In deze zaak heeft de kinderrechter op 12 mei 2020 een voorlopige voorziening getroffen met betrekking tot de zorgregeling van twee minderjarigen, [voornaam van minderjarige 1] en [voornaam van minderjarige 2]. De gecertificeerde instelling (GI) heeft verzocht om de zorgregeling met spoed te wijzigen, na een incident tussen de moeder en [voornaam van minderjarige 1] op 5 mei 2020. De moeder heeft [voornaam van minderjarige 1] in een emotionele uitbarsting buiten gezet, wat leidde tot een escalatie van de situatie. De GI heeft geconstateerd dat de moeder niet in staat is om de veiligheid van de kinderen te waarborgen en heeft geadviseerd om [voornaam van minderjarige 1] voorlopig bij de vader te laten verblijven.
De kinderrechter heeft vastgesteld dat er sprake is van een crisissituatie voor [voornaam van minderjarige 1], die heeft aangegeven niet naar de moeder te willen.
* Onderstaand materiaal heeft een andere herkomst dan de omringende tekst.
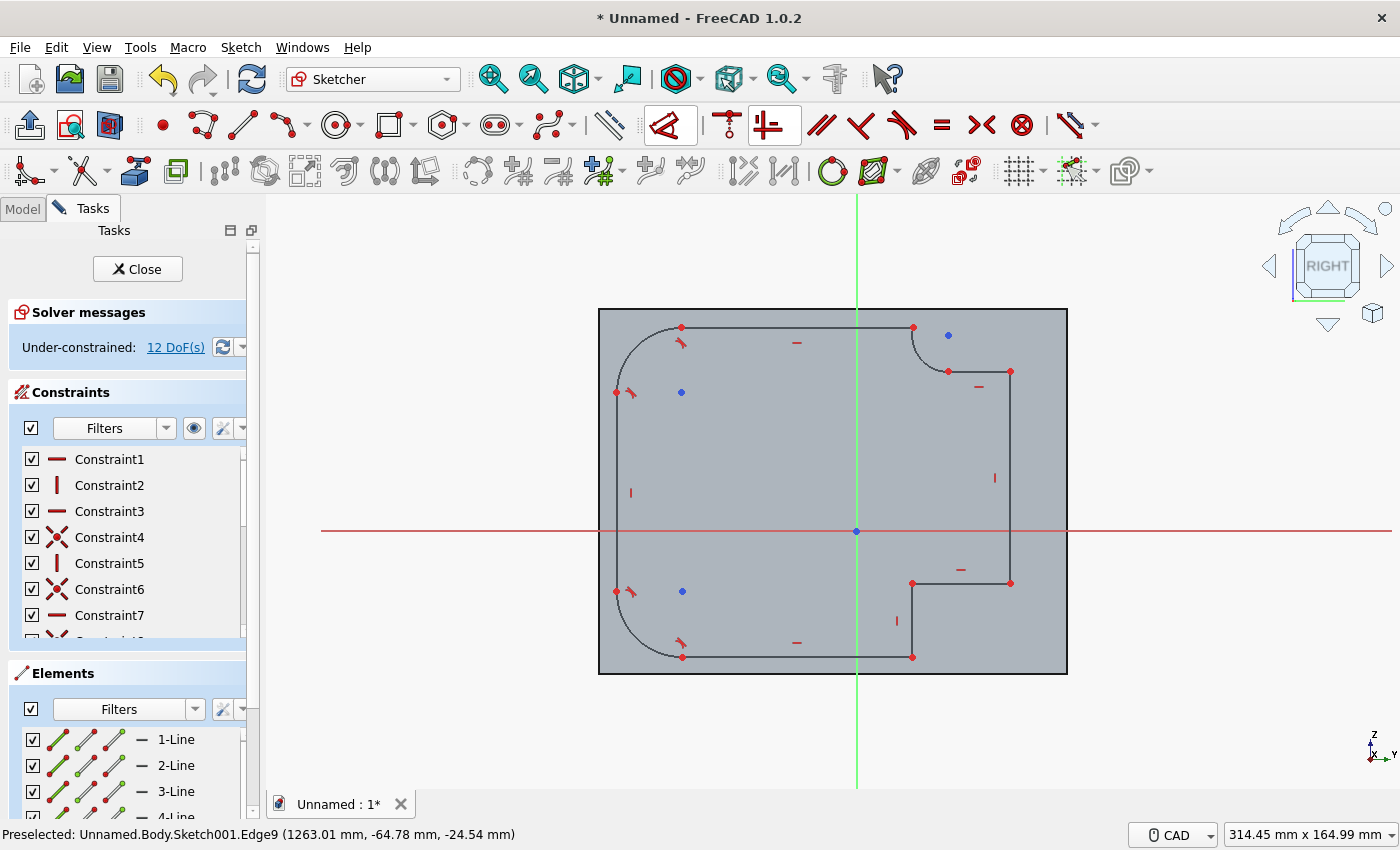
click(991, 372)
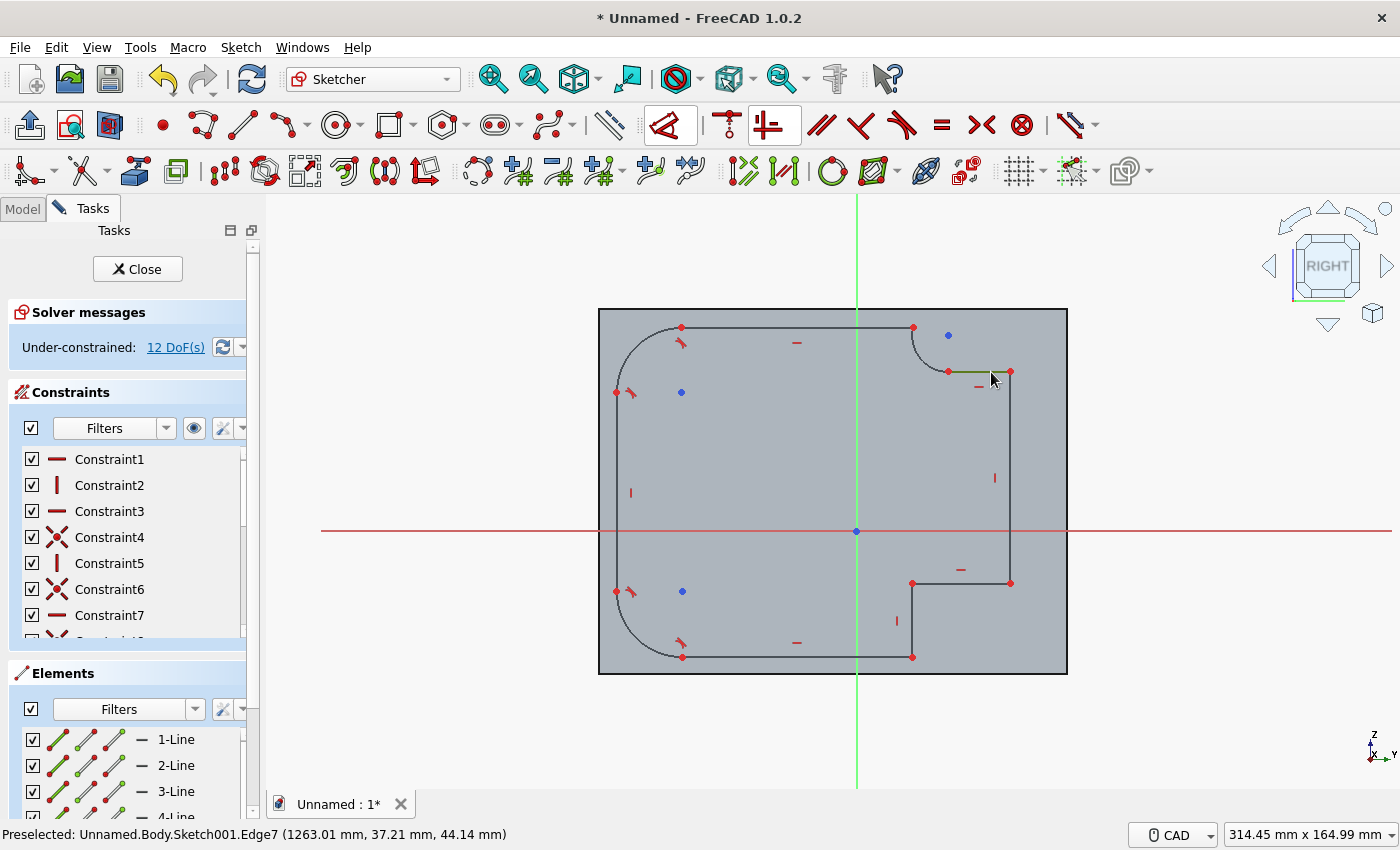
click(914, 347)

De kinderrechter heeft besloten dat [voornaam van minderjarige 1] tot de mondelinge behandeling niet naar de moeder gaat, terwijl de beslissing over de zorgregeling voor [voornaam van minderjarige 2] wordt aangehouden. De kinderrechter heeft de GI en andere belanghebbenden in de gelegenheid gesteld om hun mening te geven in een toekomstige zitting. De beslissing is uitvoerbaar bij voorraad verklaard, wat betekent dat de wijziging van de zorgregeling onmiddellijk van kracht is.
De kinderrechter heeft benadrukt dat de situatie van de moeder zorgwekkend is en dat zij hulp moet zoeken voor haar persoonlijke problematiek voordat er weer contact met de kinderen kan plaatsvinden. De ouders zijn opgeroepen om in de toekomst te overleggen over de zorgregeling, waarbij de veiligheid van de kinderen voorop staat. De beschikking is op 18 mei 2020 vastgelegd en kan door belanghebbenden worden aangevochten binnen drie maanden na de uitspraak.